Escrito por Aline Oliveira/CE
Moscou barrou entrada de carne brasileira na semana passada Moscou barrou entrada de carne brasileira na semana passada Contato Rural

Decisão do Mnistério da Agricultura de permitir a importação de trigo da Rússia acontece uma semana após o governo de Moscou barrar as compras de carne bovina de um frigorífico localizado em Santa fé de Goiás (GO), ameaçando embargar mais cinco plantas brasileiras.

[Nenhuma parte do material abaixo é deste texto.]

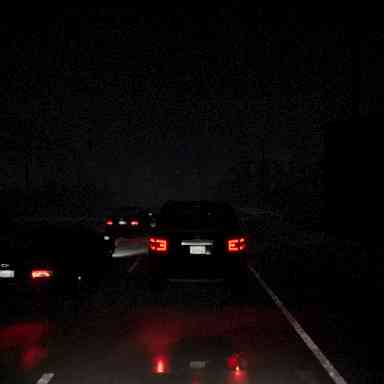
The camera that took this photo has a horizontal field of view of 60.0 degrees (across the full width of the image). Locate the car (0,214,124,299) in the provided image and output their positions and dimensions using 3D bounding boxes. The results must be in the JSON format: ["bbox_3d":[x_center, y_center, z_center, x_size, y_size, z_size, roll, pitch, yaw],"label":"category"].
[{"bbox_3d":[-3.411,1.547,8.608,2.033,1.411,5.357,0,0,0],"label":"car"}]

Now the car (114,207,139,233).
[{"bbox_3d":[-3.413,1.547,18.680,2.033,1.411,5.357,0,0,0],"label":"car"}]

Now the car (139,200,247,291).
[{"bbox_3d":[0.094,1.221,9.149,2.150,2.045,5.566,0,0,0],"label":"car"}]

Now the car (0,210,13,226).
[{"bbox_3d":[-10.546,1.492,15.928,2.128,1.511,4.902,0,0,1],"label":"car"}]

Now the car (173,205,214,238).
[{"bbox_3d":[0.090,1.547,19.080,2.033,1.411,5.357,0,0,0],"label":"car"}]
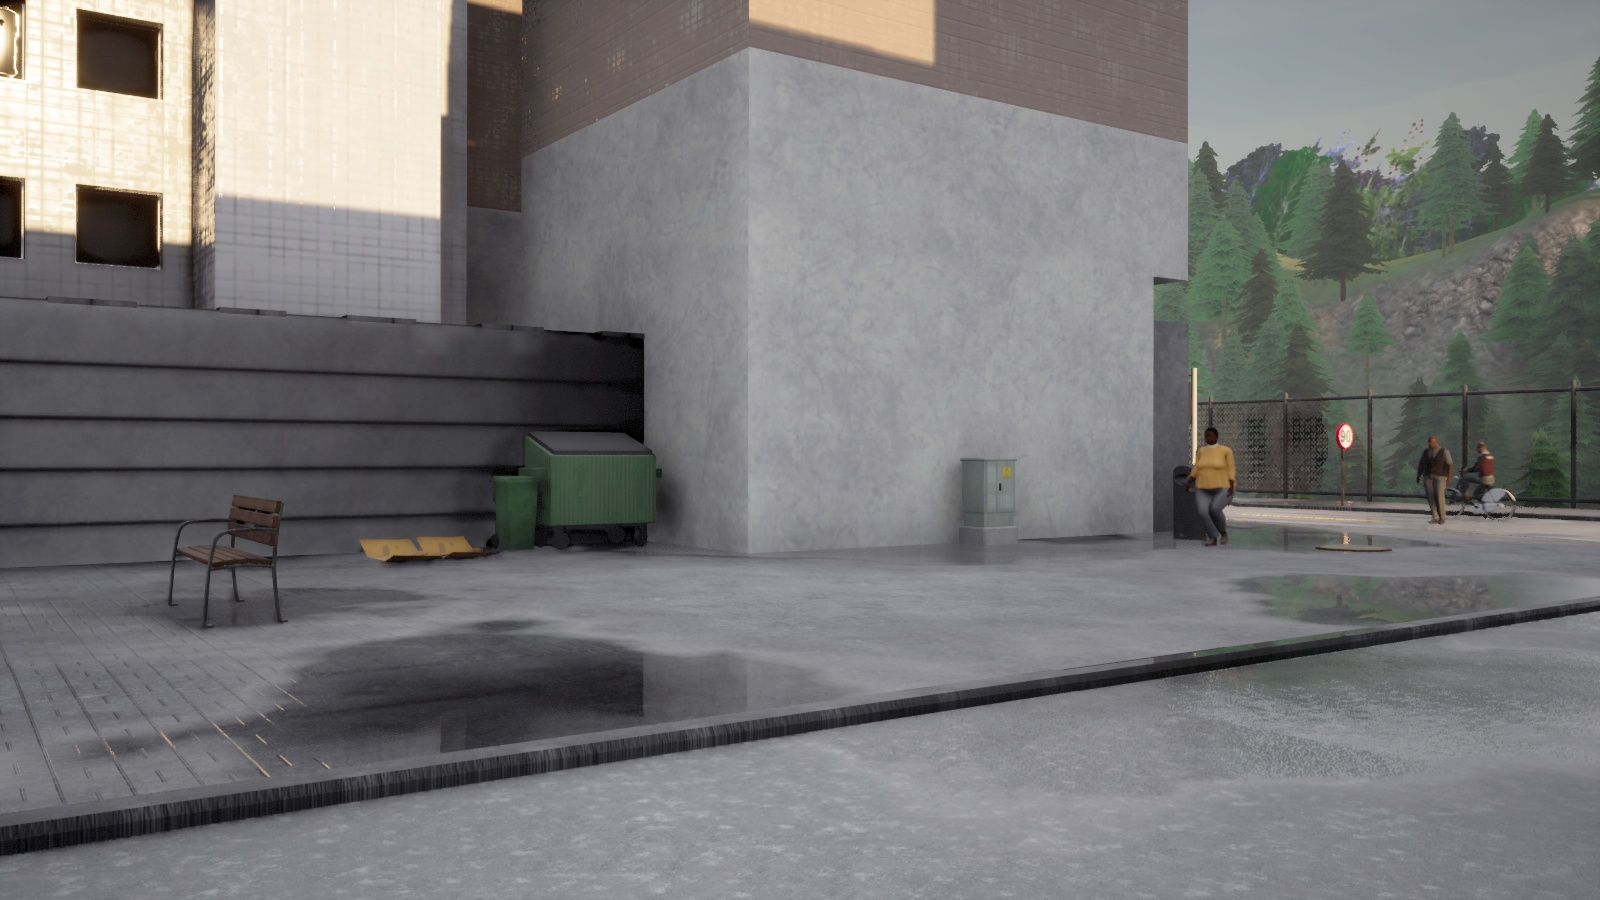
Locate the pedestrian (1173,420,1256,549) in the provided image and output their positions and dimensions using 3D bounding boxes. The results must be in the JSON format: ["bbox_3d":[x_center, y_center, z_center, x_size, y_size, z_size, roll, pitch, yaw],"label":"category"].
[{"bbox_3d":[6.185,0.496,18.741,0.874,1.855,0.900,0,0,44],"label":"pedestrian"}]

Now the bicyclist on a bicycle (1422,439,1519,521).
[{"bbox_3d":[15.020,0.652,28.168,0.659,1.776,1.843,0,0,-32],"label":"bicyclist on a bicycle"}]

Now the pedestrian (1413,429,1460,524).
[{"bbox_3d":[12.959,0.531,25.555,0.849,1.883,0.563,0,0,-40],"label":"pedestrian"}]
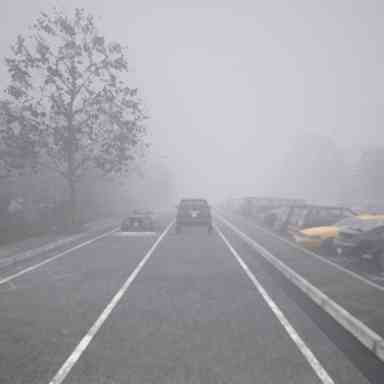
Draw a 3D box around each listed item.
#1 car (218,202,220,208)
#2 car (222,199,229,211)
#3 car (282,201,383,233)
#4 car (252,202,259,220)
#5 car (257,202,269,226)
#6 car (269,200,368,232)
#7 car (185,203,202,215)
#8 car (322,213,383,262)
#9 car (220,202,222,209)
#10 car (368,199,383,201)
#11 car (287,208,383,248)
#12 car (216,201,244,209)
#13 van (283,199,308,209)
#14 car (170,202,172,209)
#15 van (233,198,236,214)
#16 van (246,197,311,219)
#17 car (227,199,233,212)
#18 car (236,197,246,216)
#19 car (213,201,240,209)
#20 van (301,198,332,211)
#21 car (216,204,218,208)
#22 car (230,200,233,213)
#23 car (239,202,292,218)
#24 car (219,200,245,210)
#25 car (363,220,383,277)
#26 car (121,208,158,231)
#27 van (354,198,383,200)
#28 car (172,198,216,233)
[{"bbox_3d":[7.188,2.287,54.819,4.792,1.488,2.163,0,-1,0],"label":"car"},{"bbox_3d":[7.141,2.066,46.493,5.008,1.535,2.097,0,-1,0],"label":"car"},{"bbox_3d":[7.021,1.480,15.981,4.553,1.767,2.185,0,0,0],"label":"car"},{"bbox_3d":[7.078,1.703,24.308,4.674,1.452,2.002,0,0,0],"label":"car"},{"bbox_3d":[7.062,1.643,21.532,5.008,1.535,2.097,0,0,0],"label":"car"},{"bbox_3d":[7.028,1.499,18.757,4.553,1.767,2.185,0,0,0],"label":"car"},{"bbox_3d":[0.152,2.035,41.094,1.994,1.385,4.181,0,-1,0],"label":"car"},{"bbox_3d":[7.031,1.569,10.427,4.892,1.521,2.231,0,0,0],"label":"car"},{"bbox_3d":[7.154,2.234,52.044,4.674,1.452,2.002,0,-1,0],"label":"car"},{"bbox_3d":[20.182,1.742,32.425,5.008,1.535,2.097,0,-1,0],"label":"car"},{"bbox_3d":[6.859,1.584,13.204,5.366,1.575,1.946,0,0,0],"label":"car"},{"bbox_3d":[7.188,2.458,63.142,5.008,1.535,2.097,0,-1,0],"label":"car"},{"bbox_3d":[20.386,2.305,65.780,4.442,1.987,1.878,0,-2,0],"label":"van"},{"bbox_3d":[-3.170,2.489,63.752,1.882,1.535,5.008,0,-2,1],"label":"car"},{"bbox_3d":[6.989,1.586,35.397,4.442,1.987,1.878,0,-1,0],"label":"van"},{"bbox_3d":[6.966,1.456,27.086,4.442,1.987,1.878,0,0,0],"label":"van"},{"bbox_3d":[7.091,1.969,40.943,4.792,1.488,2.163,0,-1,0],"label":"car"},{"bbox_3d":[7.119,1.449,29.862,5.566,2.045,2.435,0,0,0],"label":"car"},{"bbox_3d":[7.011,2.621,68.681,5.366,1.575,1.946,0,-2,0],"label":"car"},{"bbox_3d":[20.355,2.024,54.585,4.442,1.987,1.878,0,-1,0],"label":"van"},{"bbox_3d":[7.138,2.069,57.601,5.566,2.045,2.435,0,-1,0],"label":"car"},{"bbox_3d":[7.116,1.916,38.166,4.674,1.452,2.002,0,-1,0],"label":"car"},{"bbox_3d":[7.127,1.778,32.610,4.792,1.488,2.163,0,-1,0],"label":"car"},{"bbox_3d":[7.205,2.261,60.369,4.553,1.767,2.185,0,-1,0],"label":"car"},{"bbox_3d":[7.036,1.550,7.651,4.892,1.521,2.231,0,0,0],"label":"car"},{"bbox_3d":[-3.329,1.736,21.819,1.994,1.385,4.181,0,-1,0],"label":"car"},{"bbox_3d":[20.068,1.580,35.200,4.442,1.987,1.878,0,-1,0],"label":"van"},{"bbox_3d":[0.119,1.388,21.155,2.150,2.045,5.566,0,0,0],"label":"car"}]
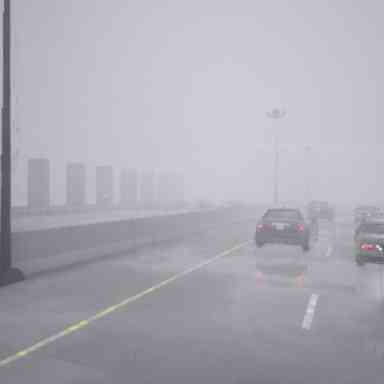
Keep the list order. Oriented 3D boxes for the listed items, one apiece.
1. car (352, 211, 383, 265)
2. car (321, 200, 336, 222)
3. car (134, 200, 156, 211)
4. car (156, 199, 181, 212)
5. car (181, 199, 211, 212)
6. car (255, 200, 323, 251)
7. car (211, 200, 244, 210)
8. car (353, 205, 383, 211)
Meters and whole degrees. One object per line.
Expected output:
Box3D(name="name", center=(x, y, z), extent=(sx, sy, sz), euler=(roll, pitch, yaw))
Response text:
Box3D(name="car", center=(6.582, 1.598, 11.355), extent=(2.033, 1.411, 5.357), euler=(0, 0, 26))
Box3D(name="car", center=(10.890, 1.463, 28.087), extent=(2.097, 1.767, 4.553), euler=(0, 0, 27))
Box3D(name="car", center=(-5.439, 1.721, 42.622), extent=(1.895, 1.301, 4.718), euler=(0, 0, 26))
Box3D(name="car", center=(-2.070, 1.625, 41.656), extent=(1.837, 1.490, 4.892), euler=(0, 1, 27))
Box3D(name="car", center=(1.072, 1.616, 40.117), extent=(2.128, 1.511, 4.902), euler=(0, 0, 27))
Box3D(name="car", center=(4.339, 1.407, 14.703), extent=(2.097, 1.767, 4.553), euler=(0, 0, 26))
Box3D(name="car", center=(4.631, 1.679, 39.256), extent=(2.033, 1.411, 5.357), euler=(0, 0, 28))
Box3D(name="car", center=(13.086, 1.654, 24.675), extent=(2.033, 1.411, 5.357), euler=(0, 0, 27))
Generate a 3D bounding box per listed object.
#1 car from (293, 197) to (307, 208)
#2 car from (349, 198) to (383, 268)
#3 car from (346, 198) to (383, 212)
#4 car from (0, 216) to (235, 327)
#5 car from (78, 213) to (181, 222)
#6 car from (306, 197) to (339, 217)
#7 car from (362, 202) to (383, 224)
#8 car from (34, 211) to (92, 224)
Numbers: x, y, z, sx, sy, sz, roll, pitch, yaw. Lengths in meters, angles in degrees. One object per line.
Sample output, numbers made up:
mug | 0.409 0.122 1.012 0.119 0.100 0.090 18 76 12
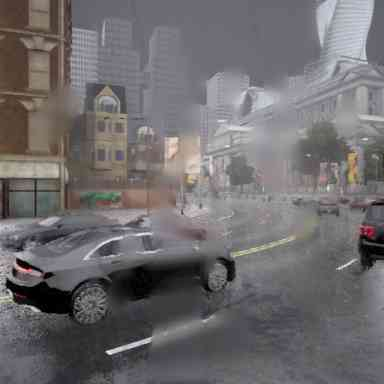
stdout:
car | 16.246 1.492 48.176 1.812 1.442 4.674 0 0 -8
car | 6.931 1.217 10.581 2.150 2.045 5.566 0 0 38
car | 19.943 1.497 38.519 2.002 1.452 4.674 0 0 1
car | -1.154 1.483 7.087 4.902 1.511 2.128 0 0 -39
car | -1.345 1.515 11.862 1.812 1.442 4.674 0 0 44
car | 12.469 1.471 31.376 2.128 1.511 4.902 0 0 12
car | 14.667 1.533 25.426 2.033 1.411 5.357 0 0 17
car | -4.981 1.512 13.170 4.674 1.442 1.812 0 0 -43
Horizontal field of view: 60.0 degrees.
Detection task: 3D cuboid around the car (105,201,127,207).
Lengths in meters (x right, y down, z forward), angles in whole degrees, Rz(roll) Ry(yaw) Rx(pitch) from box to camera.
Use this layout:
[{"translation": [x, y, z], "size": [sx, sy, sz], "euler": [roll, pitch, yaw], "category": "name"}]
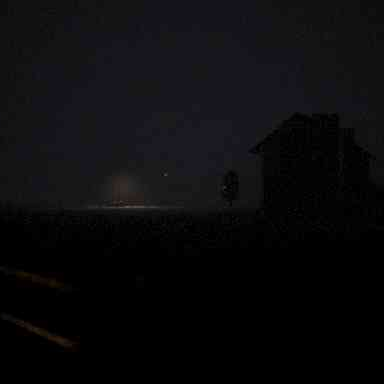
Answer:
[{"translation": [-15.927, 2.509, 70.053], "size": [1.895, 1.301, 4.718], "euler": [0, -1, 36], "category": "car"}]
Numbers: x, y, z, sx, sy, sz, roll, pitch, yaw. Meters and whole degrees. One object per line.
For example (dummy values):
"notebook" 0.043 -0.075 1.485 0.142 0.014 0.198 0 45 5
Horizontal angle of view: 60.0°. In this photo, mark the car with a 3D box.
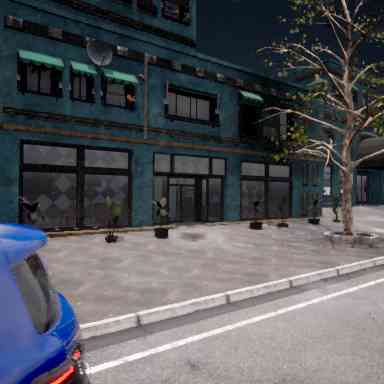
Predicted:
"car" -3.184 1.223 1.117 5.566 2.045 2.150 0 0 -35
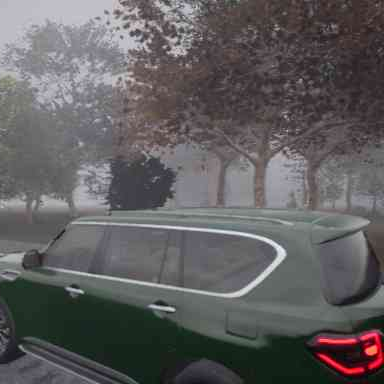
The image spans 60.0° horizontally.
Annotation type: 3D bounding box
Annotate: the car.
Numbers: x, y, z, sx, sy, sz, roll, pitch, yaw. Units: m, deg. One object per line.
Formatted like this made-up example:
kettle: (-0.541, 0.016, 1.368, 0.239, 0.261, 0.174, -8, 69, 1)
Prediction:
car: (-0.533, 1.213, 4.212, 5.566, 2.045, 2.150, 0, 0, 34)
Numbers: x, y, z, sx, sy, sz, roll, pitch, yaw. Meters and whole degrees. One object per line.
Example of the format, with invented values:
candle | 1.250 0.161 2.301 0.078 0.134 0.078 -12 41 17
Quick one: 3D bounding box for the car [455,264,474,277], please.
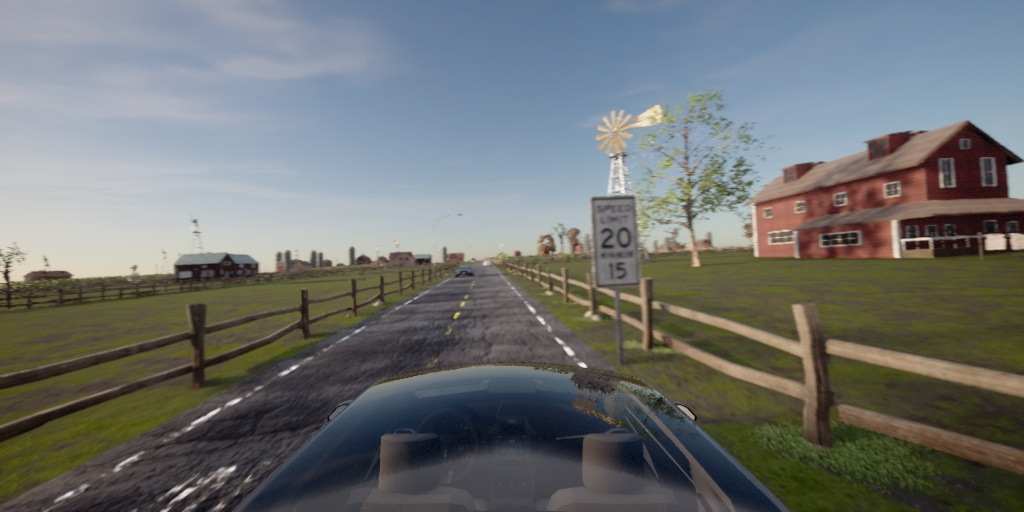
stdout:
car | -5.397 1.667 41.261 1.994 1.385 4.181 -3 0 -4
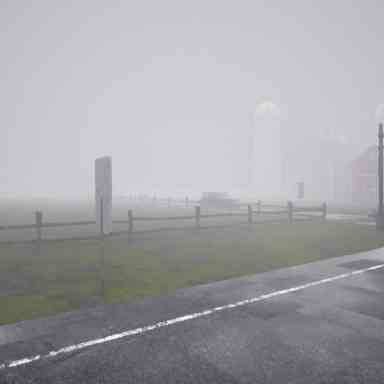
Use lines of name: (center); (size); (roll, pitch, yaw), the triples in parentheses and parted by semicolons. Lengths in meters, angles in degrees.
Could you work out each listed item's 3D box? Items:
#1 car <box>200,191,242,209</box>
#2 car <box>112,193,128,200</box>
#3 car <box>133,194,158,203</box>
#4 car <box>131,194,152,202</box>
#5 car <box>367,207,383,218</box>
car: (3.221, 0.962, 37.717); (2.150, 2.045, 5.566); (-1, 1, -36)
car: (-14.938, 0.923, 67.997); (2.033, 1.411, 5.357); (-1, 1, -36)
car: (-7.156, 1.171, 52.158); (1.895, 1.301, 4.718); (-1, 1, -36)
car: (-9.090, 1.039, 59.844); (1.994, 1.385, 4.181); (-1, 1, -35)
car: (15.236, 1.456, 23.157); (5.357, 1.411, 2.033); (0, 1, 38)
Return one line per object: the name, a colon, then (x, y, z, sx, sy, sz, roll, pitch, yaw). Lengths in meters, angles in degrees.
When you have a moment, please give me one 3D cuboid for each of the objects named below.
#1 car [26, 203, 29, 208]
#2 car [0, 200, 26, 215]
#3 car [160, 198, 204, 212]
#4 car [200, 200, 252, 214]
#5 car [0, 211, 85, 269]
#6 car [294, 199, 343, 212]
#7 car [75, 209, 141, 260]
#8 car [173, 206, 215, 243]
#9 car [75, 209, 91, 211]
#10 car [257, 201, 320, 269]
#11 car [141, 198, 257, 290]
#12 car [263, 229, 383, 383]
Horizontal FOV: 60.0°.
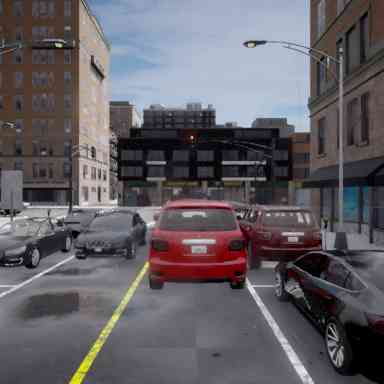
car: (-21.808, 1.505, 38.897, 4.718, 1.301, 1.895, 0, 0, 0)
car: (-17.512, 1.524, 28.959, 4.718, 1.301, 1.895, 0, 0, 0)
car: (-1.141, 1.494, 38.986, 4.902, 1.511, 2.128, 0, 0, 0)
car: (3.550, 1.573, 35.757, 5.357, 1.411, 2.033, 0, 0, 0)
car: (-5.388, 1.551, 11.055, 2.008, 1.369, 4.403, 0, 0, 0)
car: (14.792, 1.574, 39.052, 4.902, 1.511, 2.128, 0, 0, 0)
car: (-2.829, 1.505, 12.500, 1.837, 1.490, 4.892, 0, 0, 0)
car: (0.092, 1.526, 16.972, 1.812, 1.442, 4.674, 0, 0, 0)
car: (-5.387, 1.566, 16.717, 1.947, 1.339, 4.313, 0, 0, 0)
car: (2.637, 1.315, 11.054, 2.192, 1.841, 5.009, 0, 0, 0)
car: (0.080, 1.222, 9.212, 2.150, 2.045, 5.566, 0, 0, -1)
car: (2.636, 1.566, 5.392, 1.947, 1.339, 4.313, 0, 0, 0)
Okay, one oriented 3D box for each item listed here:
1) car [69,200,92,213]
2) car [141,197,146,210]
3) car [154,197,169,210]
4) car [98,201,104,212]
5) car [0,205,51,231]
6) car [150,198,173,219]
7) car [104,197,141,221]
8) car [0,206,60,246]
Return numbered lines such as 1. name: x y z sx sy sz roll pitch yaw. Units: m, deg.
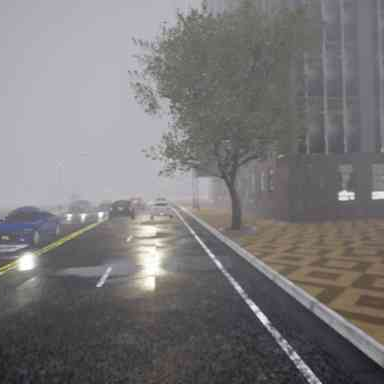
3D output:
1. car: -13.609 1.734 40.894 1.882 1.535 5.008 -2 0 -5
2. car: -7.338 1.409 44.288 2.097 1.767 4.553 -2 0 -5
3. car: -4.097 1.486 44.567 1.812 1.442 4.674 -2 0 -5
4. car: -10.392 1.724 41.419 1.994 1.385 4.181 -2 0 -5
5. car: -12.067 1.797 24.349 1.812 1.442 4.674 -2 0 -5
6. car: -2.605 1.500 28.569 1.812 1.442 4.674 -2 0 -5
7. car: -5.869 1.423 28.706 2.097 1.767 4.553 -2 0 -5
8. car: -8.073 1.658 16.487 1.882 1.535 5.008 -2 0 -6
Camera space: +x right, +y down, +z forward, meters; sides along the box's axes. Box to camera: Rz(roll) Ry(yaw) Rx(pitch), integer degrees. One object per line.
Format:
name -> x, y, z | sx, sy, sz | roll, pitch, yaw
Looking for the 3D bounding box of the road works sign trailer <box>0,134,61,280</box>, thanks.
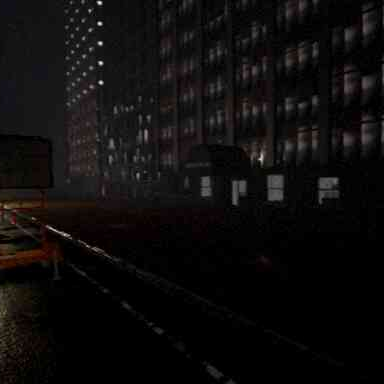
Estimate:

A informação divulgada pelo jornal Valor Econômico desta segunda-feira (13), alerta que a pressão feita pelo país europeu, considerado o 3º maior produtor de trigo do mundo, foi parte de uma negociação feita pelo ministro Blairo Maggi para tentar ampliar as compras russas sobre a carne brasileira.

De acordo com a publicação, a entrada do produto pode apresentar problemas internos como pragas que não existem no Brasil e que podem contaminar lavouras de trigos, soja e milho. Já foram identificadas duas espécies que podem comprometer a produtividade das plantações: Orobanche spp e a Cirsium arvense.

O decreto 24.114/1934 da Defesa Sanitária Vegetal brasileira proibe a importação, comércio, trânsito e exportação de vegetais "portadores de doenças ou pragas perigosas".

No documento está previsto ainda que caso esses vegetais entrem nas fronteiras brasileiras, o serviço de defesa sanitária deve apreender e destruir imediamente os produtos condenados.

Apesar da legislação brasileira ser contrária, o ministério concluiu a análise de risco de pragas para o produto russo no dia 3 de novembro.

Na ocasião, o secretário de Defesa Agropecuária (SDA), Luíz Eduardo Rangel encaminhou um comunicado ao serviço sanitário da Rússia informando: "que irá admitir a internalização de carregamentos de trigo provenientes da Rússia com presença de plantas daninhas quarentenárias, desde que o produto seja destinado e transportado diretamente a moinhos com instalações adequadas e seguras para armazenamento e processamento".

Procurado, Rangel admitiu que não existe risco "zero" de contaminação e que a medida adotada para permitir a entrada do trigo da Rússia será fiscalizar todo o carregamento daquele país que entrar no Nordeste - onde não há produção de trigo, diferentemente do que ocorre no Sul do país -, dos portos até os moinhos. A ideia é que o cereal russo seja processado e não distribuído para outras regiões do país.

"Já foi sinalizada essa flexibilização para os russos. Agora é preciso fazer uma alteração para que adequemos a norma à legislação, e isso deve acontecer nos próximos dias. Tudo dentro do limite da segurança", informou o titular da SDA.